Incorporate less material or non-mainline loan asset classes into the overall process. Many banks spent last year determining and analyzing various loan loss methodologies and how those approaches would potentially impact their larger and more material asset classes. They should now broaden their focus to include less material or non-mainline asset classes as well.

Banks may be able to use a simplified methodology for these assets, but they will still need to be integrated into the bank’s core CECL process to satisfy internal controls and management and financial reporting.

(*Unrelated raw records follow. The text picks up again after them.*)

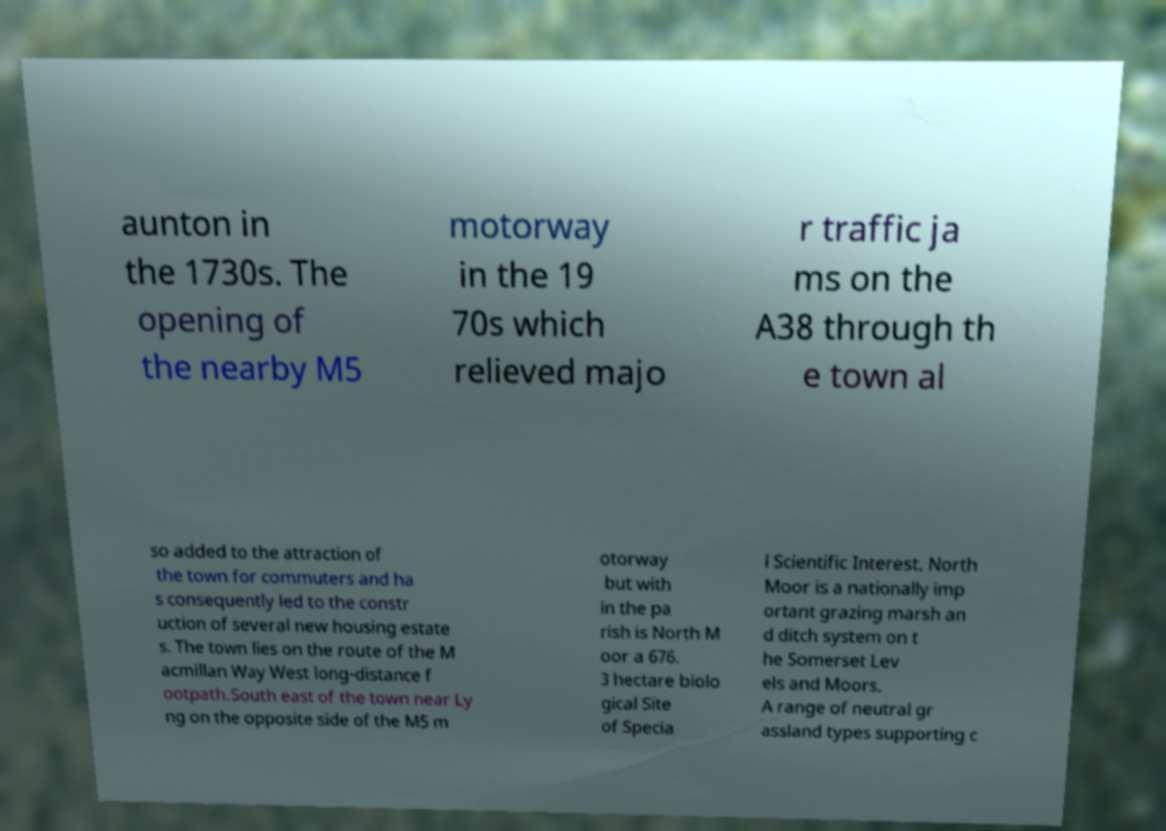Can you read and provide the text displayed in the image?This photo seems to have some interesting text. Can you extract and type it out for me? aunton in the 1730s. The opening of the nearby M5 motorway in the 19 70s which relieved majo r traffic ja ms on the A38 through th e town al so added to the attraction of the town for commuters and ha s consequently led to the constr uction of several new housing estate s. The town lies on the route of the M acmillan Way West long-distance f ootpath.South east of the town near Ly ng on the opposite side of the M5 m otorway but with in the pa rish is North M oor a 676. 3 hectare biolo gical Site of Specia l Scientific Interest. North Moor is a nationally imp ortant grazing marsh an d ditch system on t he Somerset Lev els and Moors. A range of neutral gr assland types supporting c 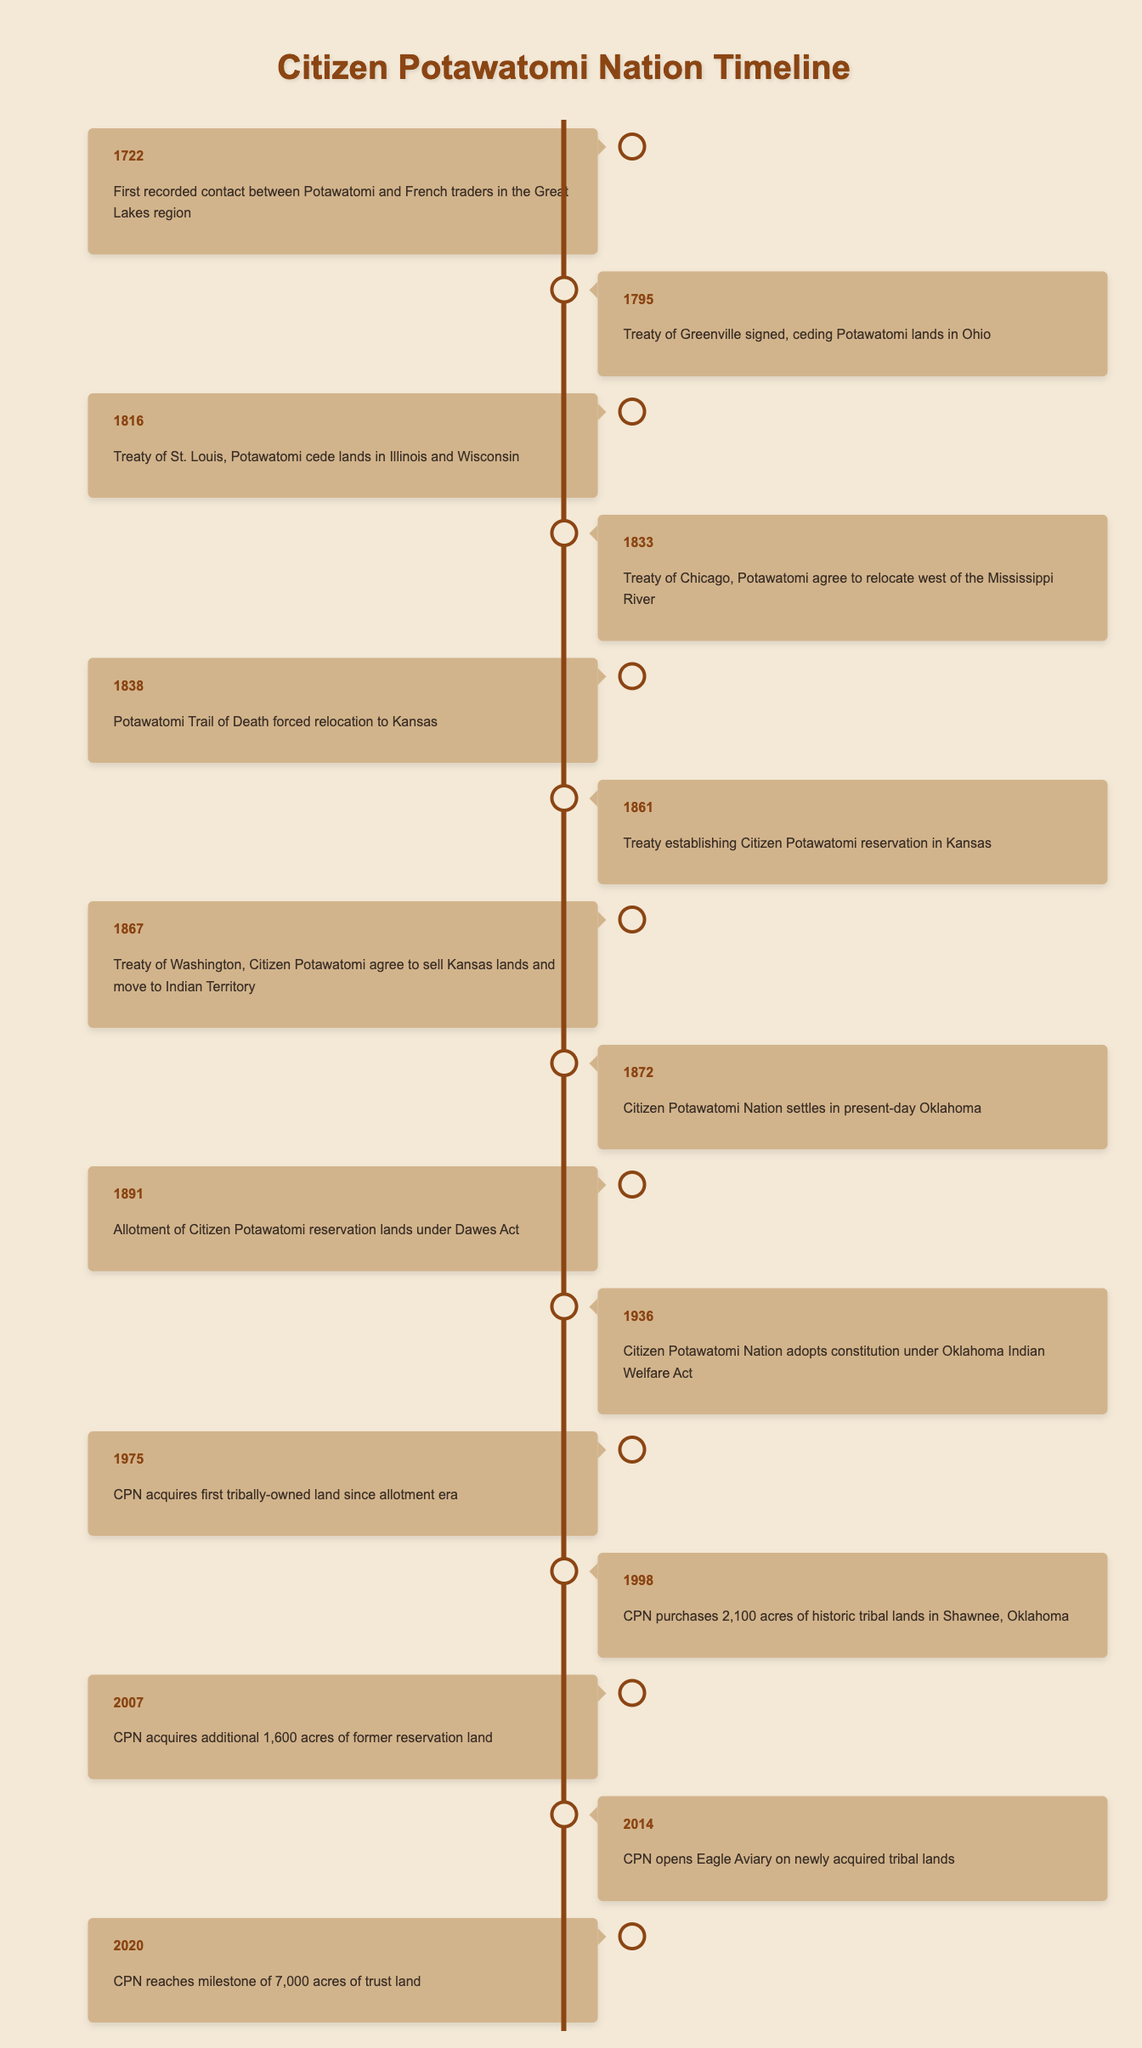What year did the Treaty of Greenville get signed? The table lists an event for the year 1795 which states "Treaty of Greenville signed, ceding Potawatomi lands in Ohio." Therefore, the Treaty of Greenville got signed in 1795.
Answer: 1795 How many acres did CPN purchase in 1998? According to the table, the event for the year 1998 mentions "CPN purchases 2,100 acres of historic tribal lands in Shawnee, Oklahoma." Thus, CPN purchased 2,100 acres in that year.
Answer: 2,100 acres Did the Citizen Potawatomi Nation adopt a constitution before 1940? The timeline shows an event in 1936 stating "Citizen Potawatomi Nation adopts constitution under Oklahoma Indian Welfare Act." This indicates that they did adopt a constitution before 1940.
Answer: Yes In which year did the Potawatomi Trail of Death occur? Referring to the table, the Potawatomi Trail of Death is mentioned under the year 1838. Therefore, it occurred in 1838.
Answer: 1838 What is the total number of acres of trust land CPN reached by 2020? The timeline states that in 2020, CPN reached a milestone of "7,000 acres of trust land". Thus, the total number of acres reached by CPN by 2020 is 7,000 acres.
Answer: 7,000 acres What event happened in 1867 and what was its significance? The table states that in 1867, "Treaty of Washington, Citizen Potawatomi agree to sell Kansas lands and move to Indian Territory." This event was significant as it indicates a continued relocation of the Potawatomi people for the purpose of settling in a designated territory.
Answer: Treaty of Washington, signifies relocation How many years elapsed between the signing of the Treaty of St. Louis and the Treaty of Washington? The Treaty of St. Louis was signed in 1816 and the Treaty of Washington in 1867. The difference in years is 1867 - 1816 = 51 years. Therefore, 51 years elapsed between these treaties.
Answer: 51 years What event took place in 2014 regarding newly acquired tribal lands? According to the table, in 2014, "CPN opens Eagle Aviary on newly acquired tribal lands." This shows that the opening of the Eagle Aviary was associated with those lands.
Answer: Opening of Eagle Aviary Did the CPN acquire any tribally-owned lands after 1975? In the timeline, the first event after 1975 mentioning land acquisition is in 1998 indicating "CPN purchases 2,100 acres of historic tribal lands in Shawnee, Oklahoma." This confirms that they did acquire lands after 1975.
Answer: Yes 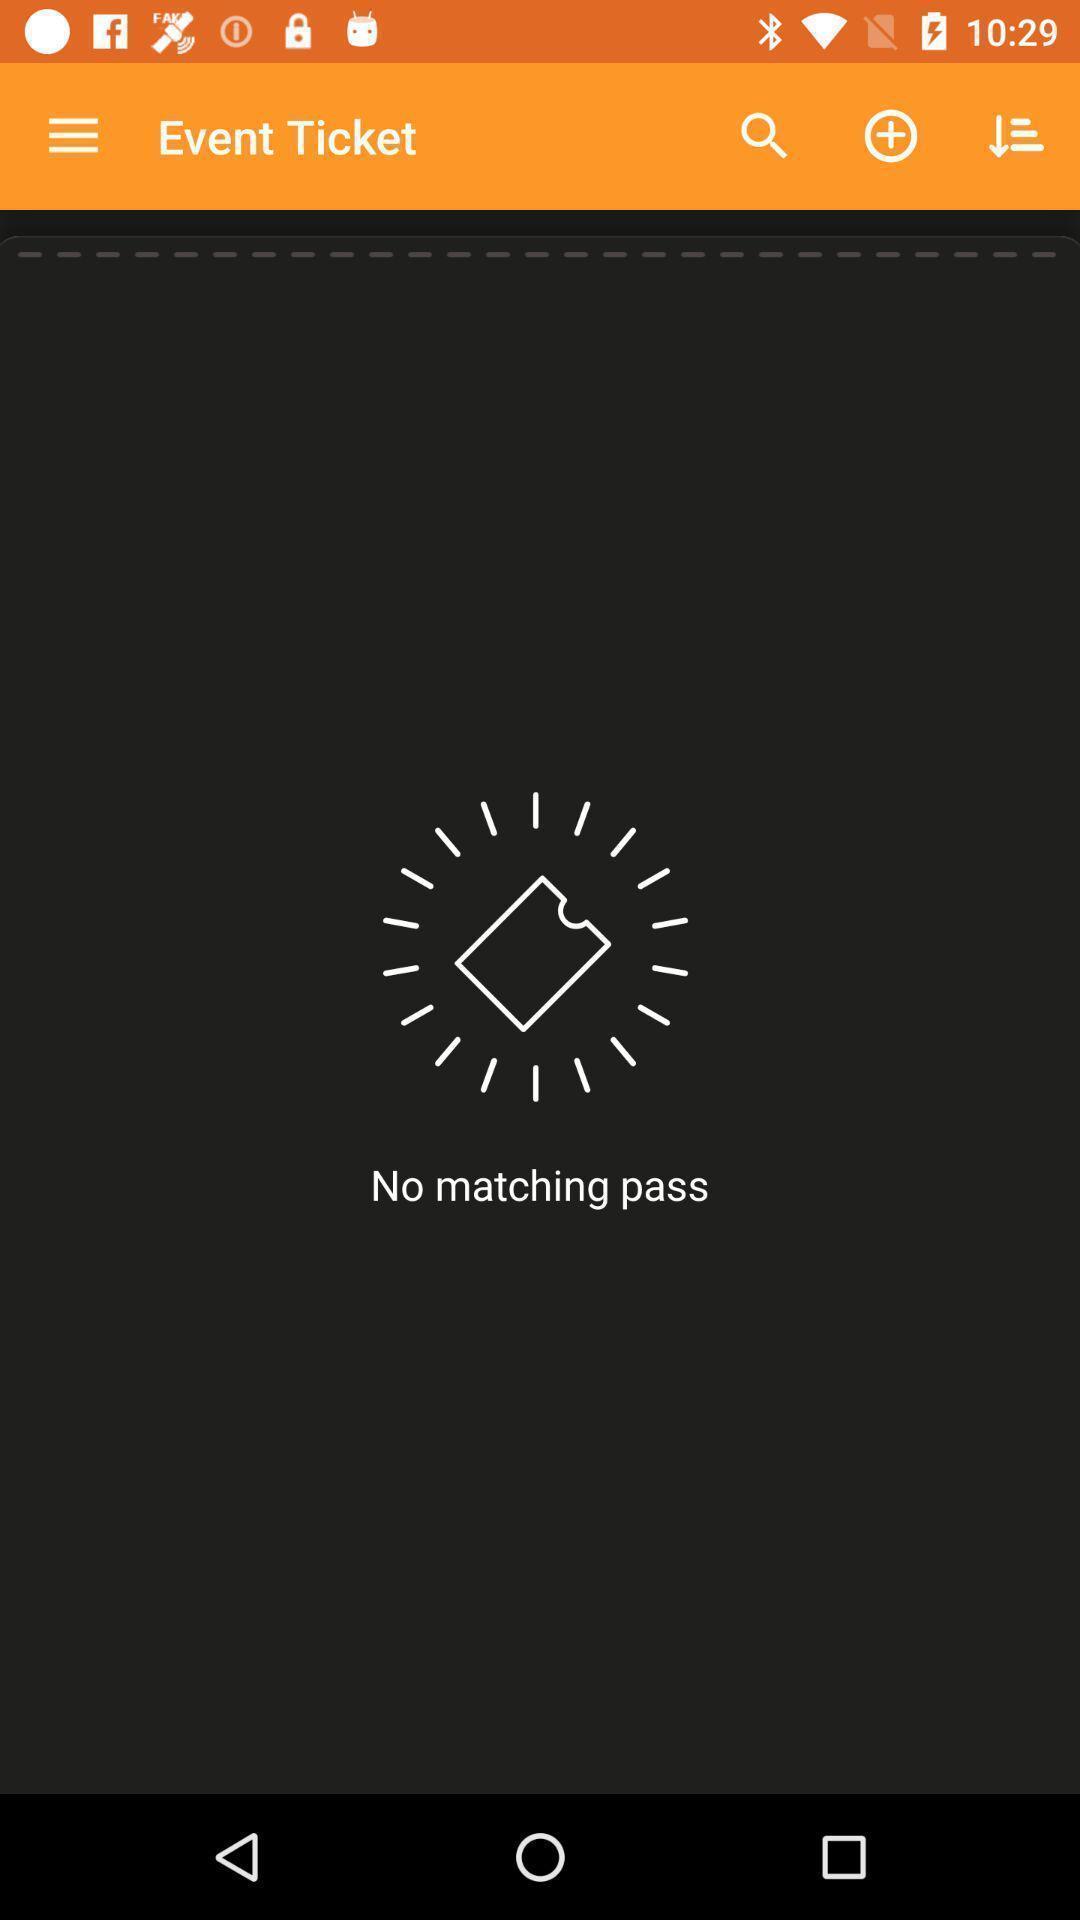Explain what's happening in this screen capture. Page for the service application. 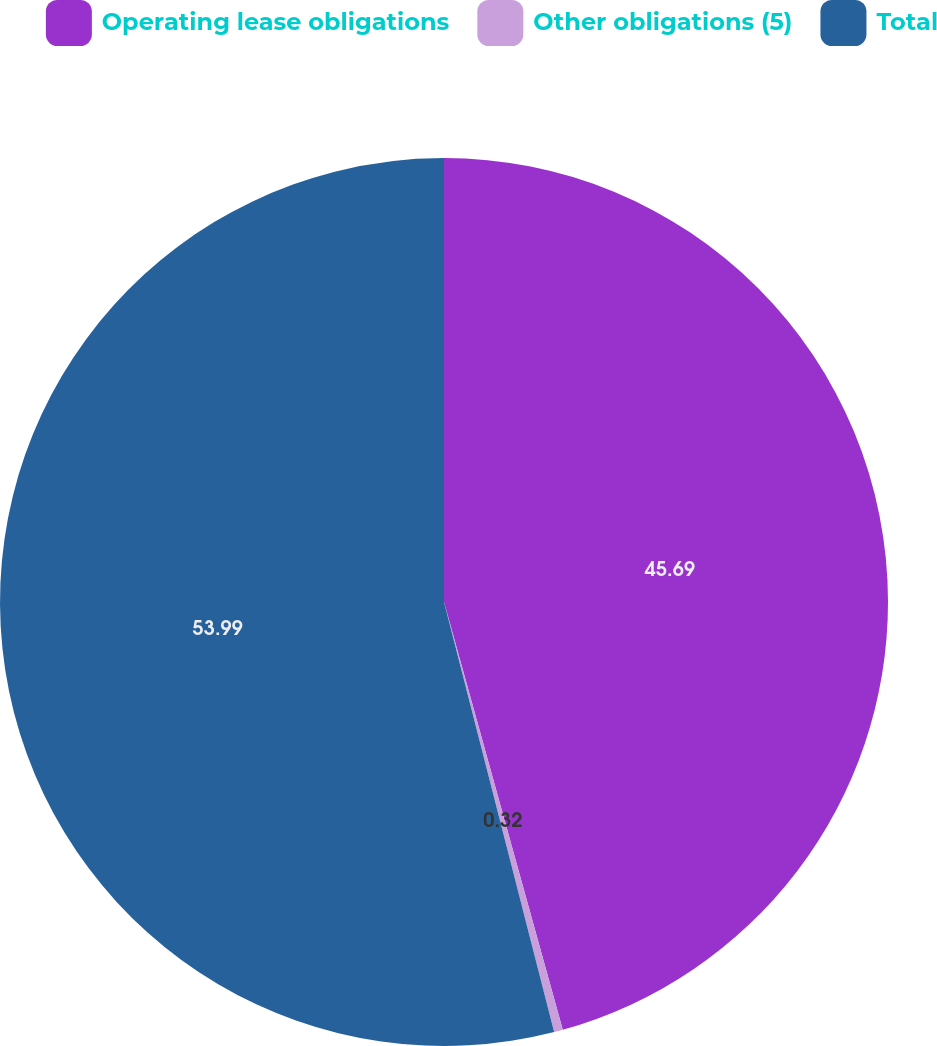Convert chart. <chart><loc_0><loc_0><loc_500><loc_500><pie_chart><fcel>Operating lease obligations<fcel>Other obligations (5)<fcel>Total<nl><fcel>45.69%<fcel>0.32%<fcel>53.99%<nl></chart>

Own the model and calculations. Executives will need to support their methodology elections and model calculations. This means they will need to explain the data and detailed calculations they used to develop their bank’s CECL estimate. It includes documenting why they decided that certain models or methodologies were the most appropriate for their institution and for specific portfolios, how they came to agree upon their key assumptions and what internal processes they use to validate and monitor their model’s performance.

Auditors and regulators expect the same level of scrutiny from executives whether the bank uses an internally developed model, engages with a vendor or purchases peer data. Executives may need specialized resources or additional internal governance and oversight to aid this process.

Know the qualitative adjustments. Qualitative adjustments may shift in the transition from an incurred loss approach to an expected lifetime one. Executives will need a deep understanding of the bank’s portfolios and how their concentration of risk has changed over time. They will also need to have an in-depth knowledge of the models and calculations their bank uses to determine the CECL allowance, so they can understand which credit characteristics and macro-economic variables are contemplated in the models. This knowledge will inform the need for additional qualitative adjustments.

Anticipate stakeholder questions. CECL adoption will require most banks to take a one-time capital charge to adjust the allowance. Executives will need to explain this charge to internal and external stakeholders. Moving from a rate versus volume attribution to a more complex set of drivers of the allowance estimate, including the incorporation of forecasted conditions, will require the production of additional analytics to properly assess and report on the change. Executives will need ensure their bank has proper reporting framework and structure to produce analytics at the portfolio, segment and, ultimately, loan level.